Source data:
[Start of section]

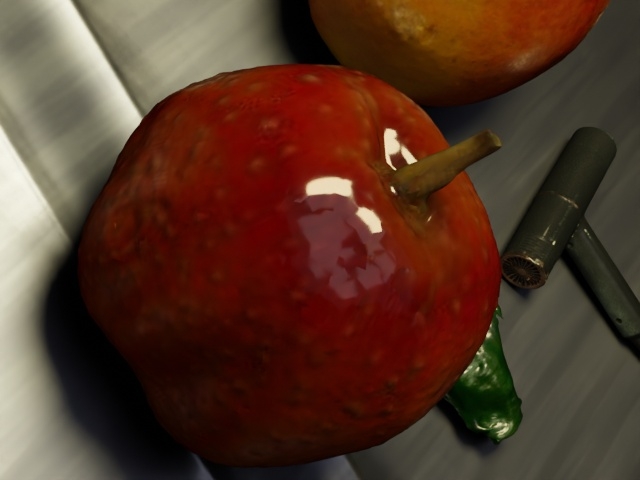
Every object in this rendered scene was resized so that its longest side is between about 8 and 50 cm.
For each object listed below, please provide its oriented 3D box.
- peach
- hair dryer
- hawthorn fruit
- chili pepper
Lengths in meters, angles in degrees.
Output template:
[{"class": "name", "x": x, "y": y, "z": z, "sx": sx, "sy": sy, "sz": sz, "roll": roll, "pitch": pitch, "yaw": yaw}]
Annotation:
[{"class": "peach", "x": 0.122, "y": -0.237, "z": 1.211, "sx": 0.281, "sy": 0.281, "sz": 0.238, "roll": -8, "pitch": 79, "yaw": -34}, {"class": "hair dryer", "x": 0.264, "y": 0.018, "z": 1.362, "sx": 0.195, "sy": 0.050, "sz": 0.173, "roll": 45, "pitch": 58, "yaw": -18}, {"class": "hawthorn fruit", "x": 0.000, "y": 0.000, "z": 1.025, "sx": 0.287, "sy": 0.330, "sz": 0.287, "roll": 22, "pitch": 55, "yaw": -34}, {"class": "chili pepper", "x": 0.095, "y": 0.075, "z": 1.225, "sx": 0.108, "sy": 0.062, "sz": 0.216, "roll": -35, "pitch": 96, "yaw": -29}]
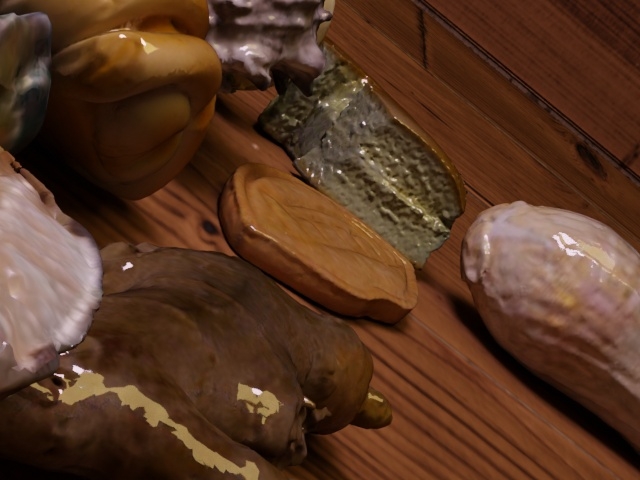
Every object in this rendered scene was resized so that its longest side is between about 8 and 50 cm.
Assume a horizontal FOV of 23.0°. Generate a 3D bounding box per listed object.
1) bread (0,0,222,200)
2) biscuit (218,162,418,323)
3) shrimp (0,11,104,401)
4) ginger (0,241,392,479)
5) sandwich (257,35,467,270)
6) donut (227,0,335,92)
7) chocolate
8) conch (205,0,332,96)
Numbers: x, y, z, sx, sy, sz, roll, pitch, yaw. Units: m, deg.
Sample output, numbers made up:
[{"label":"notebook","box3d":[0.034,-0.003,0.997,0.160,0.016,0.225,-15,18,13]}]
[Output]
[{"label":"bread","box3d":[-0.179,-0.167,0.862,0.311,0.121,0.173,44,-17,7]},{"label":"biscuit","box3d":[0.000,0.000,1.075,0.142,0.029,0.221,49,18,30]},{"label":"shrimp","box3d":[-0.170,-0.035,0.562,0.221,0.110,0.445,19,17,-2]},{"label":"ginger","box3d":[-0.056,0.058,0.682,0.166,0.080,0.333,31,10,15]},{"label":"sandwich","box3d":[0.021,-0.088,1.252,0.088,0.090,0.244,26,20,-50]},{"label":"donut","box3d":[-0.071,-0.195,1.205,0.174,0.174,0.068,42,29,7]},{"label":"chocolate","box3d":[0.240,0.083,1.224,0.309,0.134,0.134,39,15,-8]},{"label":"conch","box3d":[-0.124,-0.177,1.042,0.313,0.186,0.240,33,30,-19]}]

[End of section]
[Start of section]

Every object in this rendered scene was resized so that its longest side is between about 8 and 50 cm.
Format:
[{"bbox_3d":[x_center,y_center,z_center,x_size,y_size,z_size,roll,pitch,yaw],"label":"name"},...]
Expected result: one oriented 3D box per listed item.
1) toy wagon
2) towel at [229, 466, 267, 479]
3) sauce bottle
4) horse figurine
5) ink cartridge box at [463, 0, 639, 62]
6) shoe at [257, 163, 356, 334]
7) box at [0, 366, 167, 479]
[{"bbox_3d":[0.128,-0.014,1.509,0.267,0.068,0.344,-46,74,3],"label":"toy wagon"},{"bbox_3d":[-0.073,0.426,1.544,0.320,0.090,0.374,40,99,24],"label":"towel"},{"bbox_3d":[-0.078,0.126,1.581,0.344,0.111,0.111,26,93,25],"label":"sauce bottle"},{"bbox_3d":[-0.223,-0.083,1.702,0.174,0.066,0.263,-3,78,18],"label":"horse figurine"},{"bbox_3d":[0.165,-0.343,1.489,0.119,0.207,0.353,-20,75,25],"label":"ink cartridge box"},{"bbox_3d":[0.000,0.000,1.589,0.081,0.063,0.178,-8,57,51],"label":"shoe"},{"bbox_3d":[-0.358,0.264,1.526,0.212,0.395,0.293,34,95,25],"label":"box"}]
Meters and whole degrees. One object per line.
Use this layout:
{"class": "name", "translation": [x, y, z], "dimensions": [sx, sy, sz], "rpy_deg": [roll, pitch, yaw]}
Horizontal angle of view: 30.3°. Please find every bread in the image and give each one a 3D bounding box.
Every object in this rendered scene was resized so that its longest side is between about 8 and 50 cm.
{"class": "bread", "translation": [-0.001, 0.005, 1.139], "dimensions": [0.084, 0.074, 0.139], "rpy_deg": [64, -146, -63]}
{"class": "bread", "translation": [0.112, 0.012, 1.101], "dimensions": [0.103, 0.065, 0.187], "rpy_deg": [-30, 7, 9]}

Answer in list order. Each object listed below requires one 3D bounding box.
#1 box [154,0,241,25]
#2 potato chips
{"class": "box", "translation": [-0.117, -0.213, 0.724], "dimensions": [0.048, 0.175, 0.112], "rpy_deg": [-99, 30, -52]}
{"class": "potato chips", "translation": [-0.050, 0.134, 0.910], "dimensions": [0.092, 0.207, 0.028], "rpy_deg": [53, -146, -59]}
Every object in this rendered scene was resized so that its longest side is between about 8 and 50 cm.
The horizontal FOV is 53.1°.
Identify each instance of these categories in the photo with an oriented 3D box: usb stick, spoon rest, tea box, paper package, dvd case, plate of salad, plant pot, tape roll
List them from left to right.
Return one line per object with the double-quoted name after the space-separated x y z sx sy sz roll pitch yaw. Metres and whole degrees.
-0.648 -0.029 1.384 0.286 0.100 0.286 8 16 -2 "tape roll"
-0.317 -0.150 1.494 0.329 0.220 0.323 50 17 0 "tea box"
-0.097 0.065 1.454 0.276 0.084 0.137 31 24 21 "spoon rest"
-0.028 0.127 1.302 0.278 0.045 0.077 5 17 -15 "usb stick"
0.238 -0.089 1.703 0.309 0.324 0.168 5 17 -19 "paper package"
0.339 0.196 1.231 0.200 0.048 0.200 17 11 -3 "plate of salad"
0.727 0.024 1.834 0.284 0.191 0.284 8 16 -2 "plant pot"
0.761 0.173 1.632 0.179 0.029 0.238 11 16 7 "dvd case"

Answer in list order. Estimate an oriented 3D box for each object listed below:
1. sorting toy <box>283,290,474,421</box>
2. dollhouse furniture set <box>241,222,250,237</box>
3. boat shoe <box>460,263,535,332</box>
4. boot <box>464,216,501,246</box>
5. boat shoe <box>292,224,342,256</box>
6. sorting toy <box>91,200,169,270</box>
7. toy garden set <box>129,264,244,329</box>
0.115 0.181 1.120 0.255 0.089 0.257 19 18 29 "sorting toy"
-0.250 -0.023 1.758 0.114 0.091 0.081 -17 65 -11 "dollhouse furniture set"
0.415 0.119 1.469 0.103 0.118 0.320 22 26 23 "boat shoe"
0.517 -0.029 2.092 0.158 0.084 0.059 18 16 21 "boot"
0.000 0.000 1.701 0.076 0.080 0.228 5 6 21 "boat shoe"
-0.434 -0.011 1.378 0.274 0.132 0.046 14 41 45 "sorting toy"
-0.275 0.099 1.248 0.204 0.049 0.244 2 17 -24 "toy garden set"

[End of section]

Leave out every line above except those from the line with "Answer in list order. Each" up to and including the line with "List them from left to right.", and copy those exactly.

Answer in list order. Each object listed below requires one 3D bounding box.
#1 box [154,0,241,25]
#2 potato chips
{"class": "box", "translation": [-0.117, -0.213, 0.724], "dimensions": [0.048, 0.175, 0.112], "rpy_deg": [-99, 30, -52]}
{"class": "potato chips", "translation": [-0.050, 0.134, 0.910], "dimensions": [0.092, 0.207, 0.028], "rpy_deg": [53, -146, -59]}
Every object in this rendered scene was resized so that its longest side is between about 8 and 50 cm.
The horizontal FOV is 53.1°.
Identify each instance of these categories in the photo with an oriented 3D box: usb stick, spoon rest, tea box, paper package, dvd case, plate of salad, plant pot, tape roll
List them from left to right.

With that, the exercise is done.